▶ _About this exercise_:
Tally up the lines below that carry the word "name", answering with the figure alone.
══ Records for processing ══
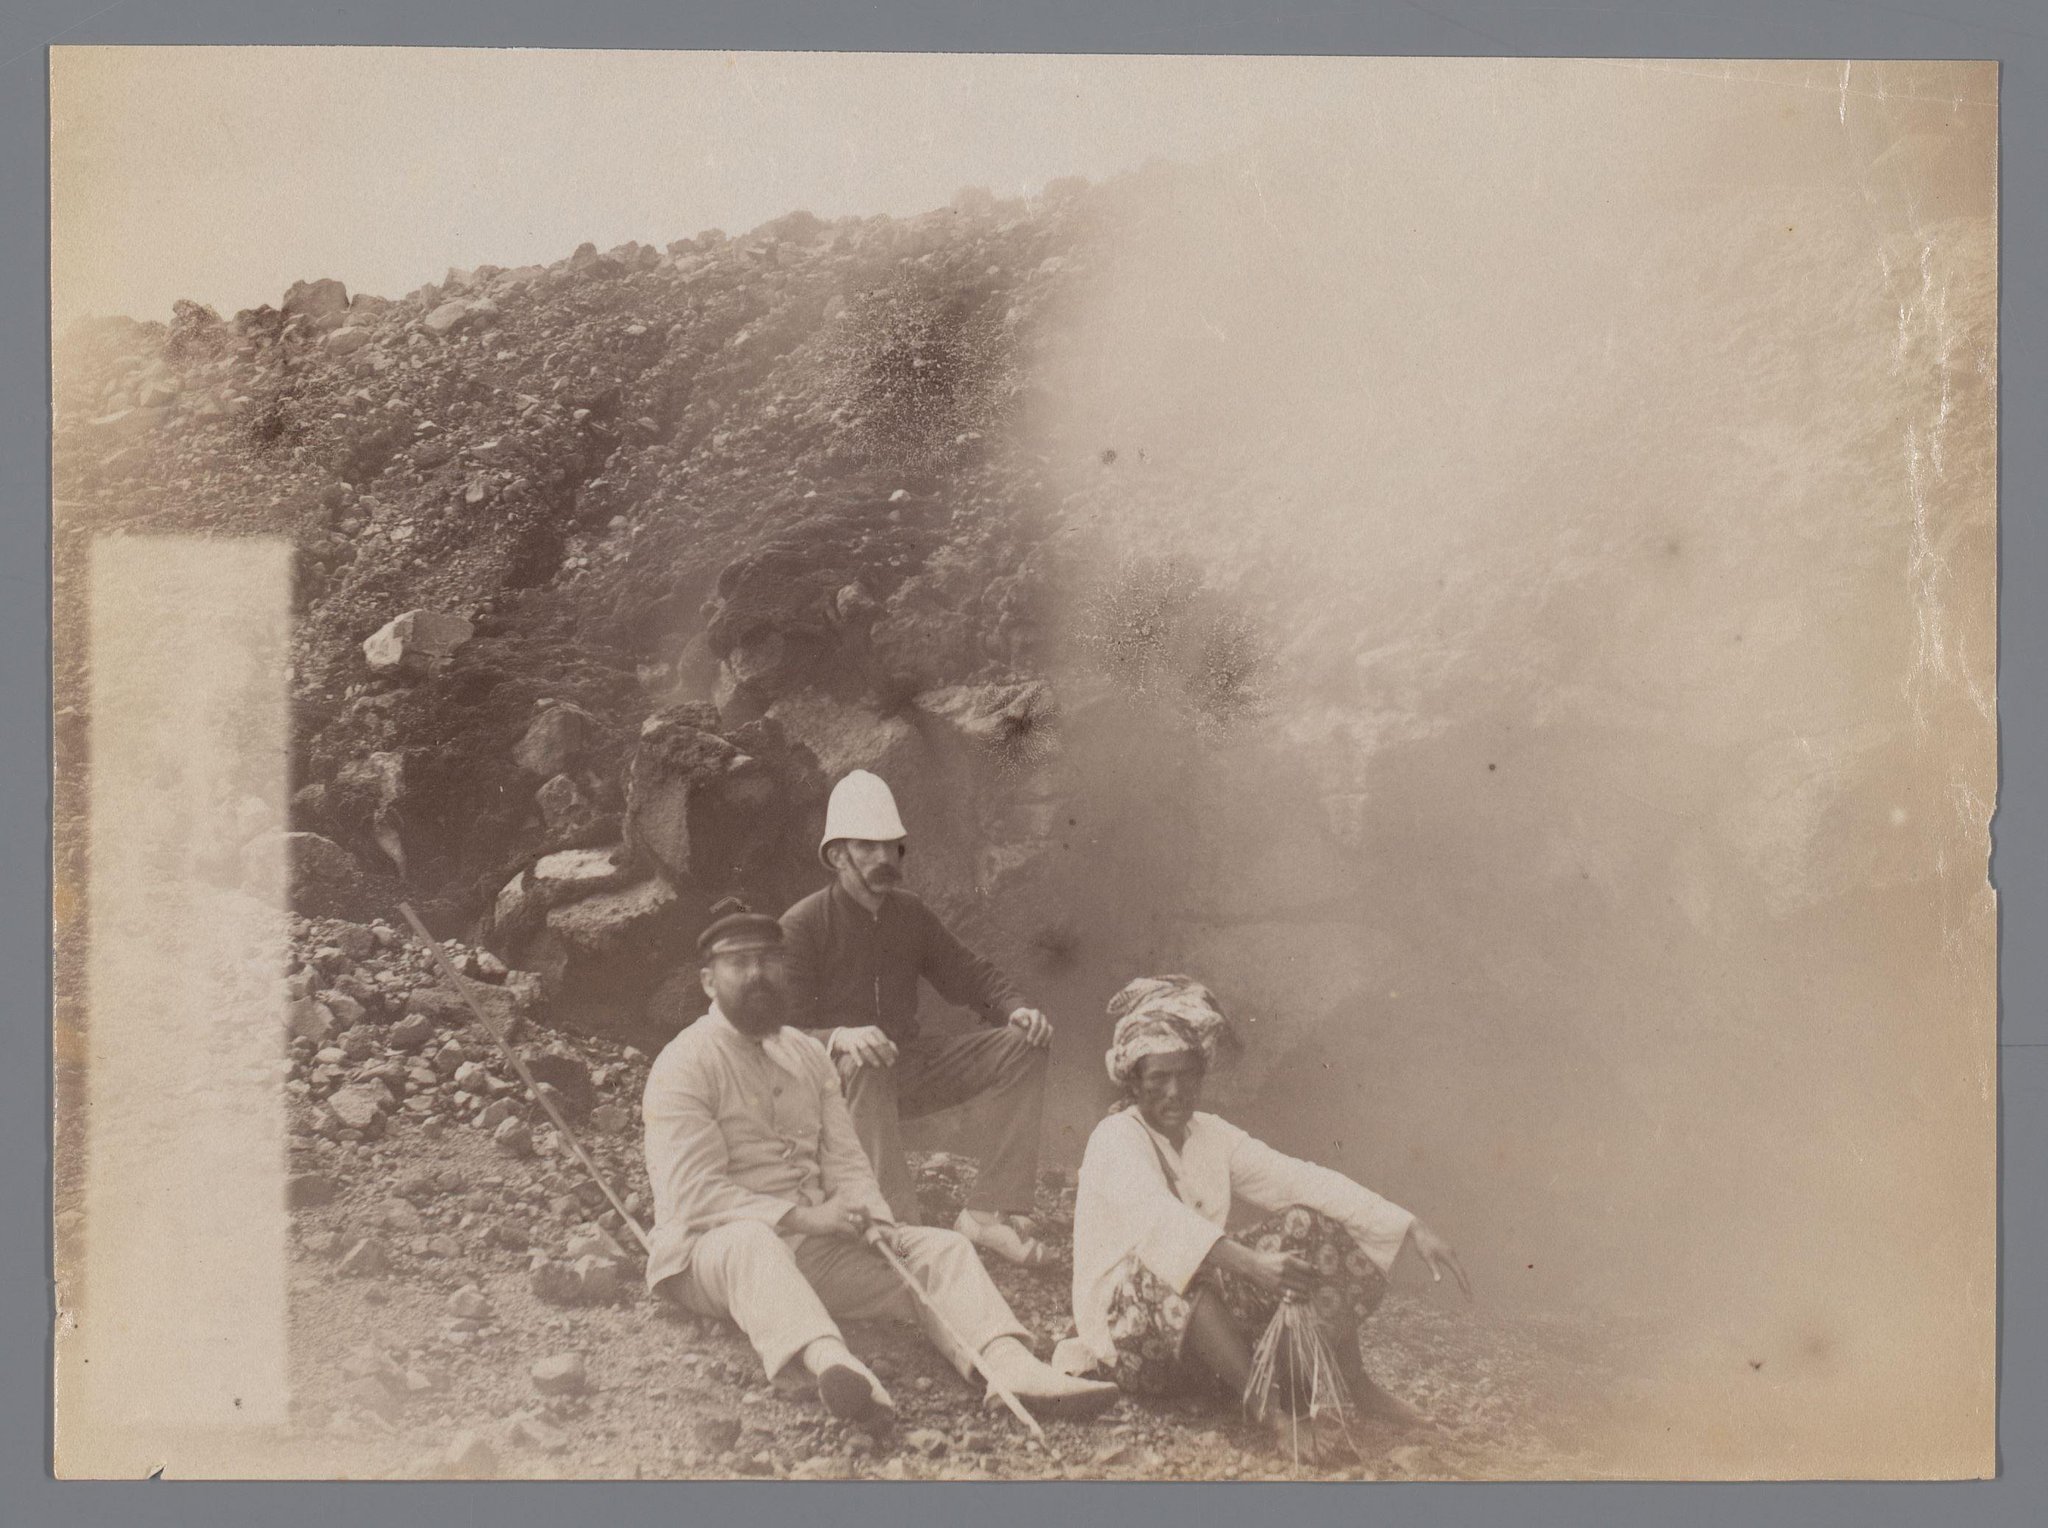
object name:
═══
══ Records for processing ══
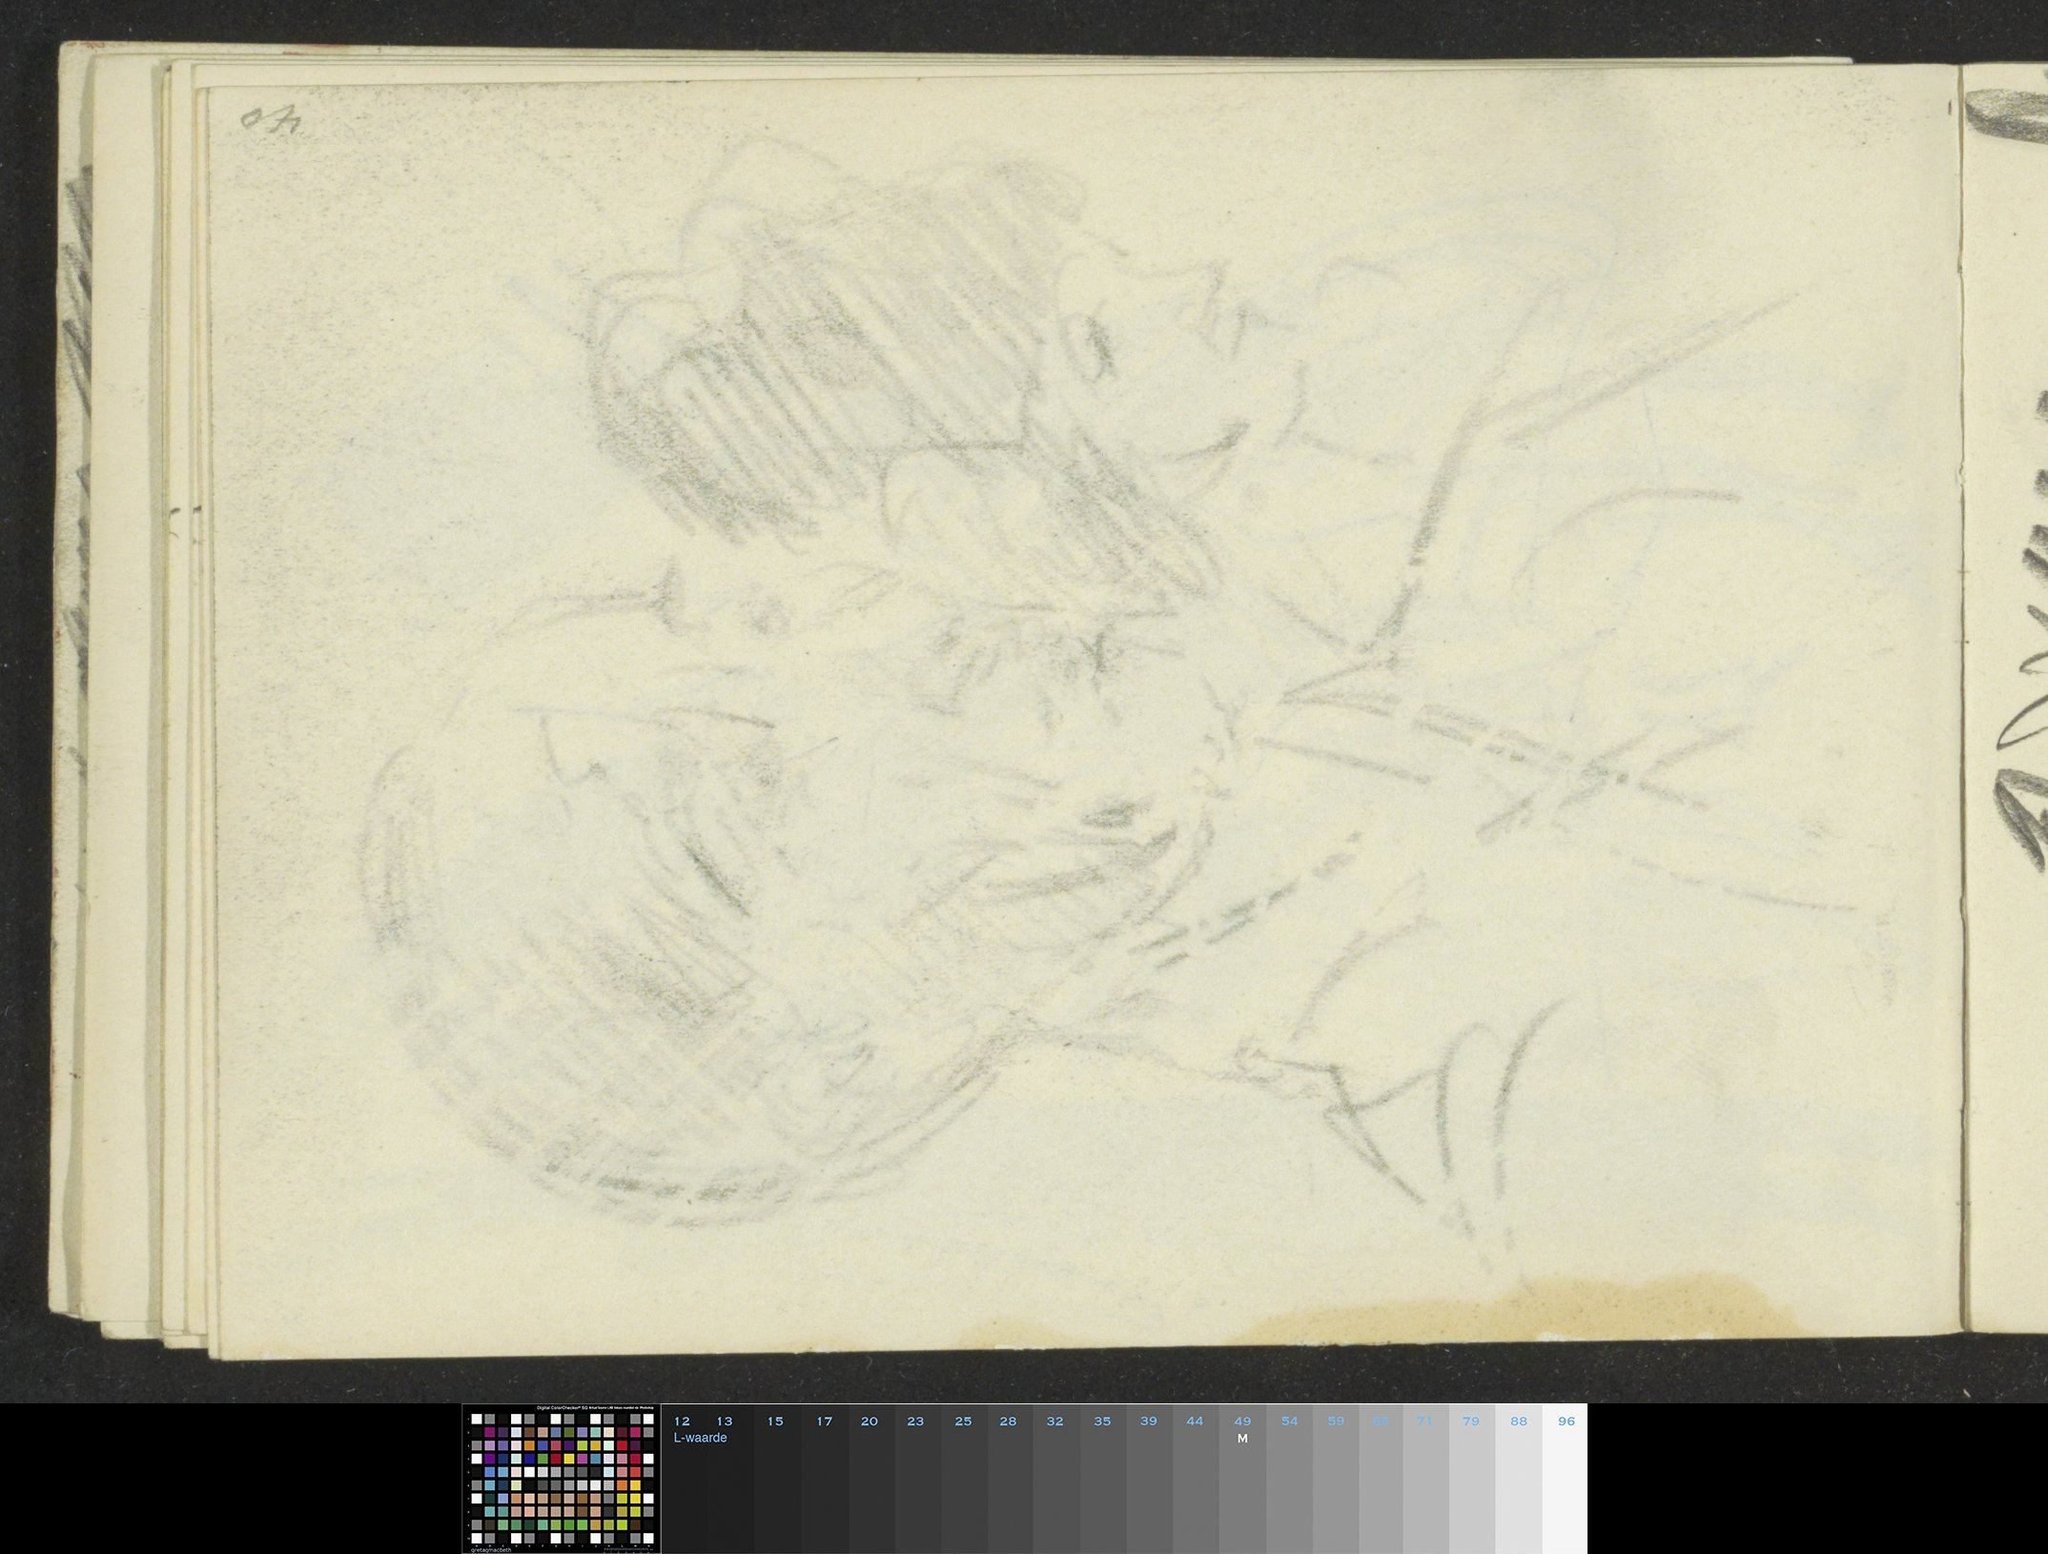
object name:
═══
══ Records for processing ══
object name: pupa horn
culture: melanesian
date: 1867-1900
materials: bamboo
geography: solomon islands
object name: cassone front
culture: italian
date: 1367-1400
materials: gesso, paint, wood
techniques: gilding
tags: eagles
═══
▶ _Response area_:
4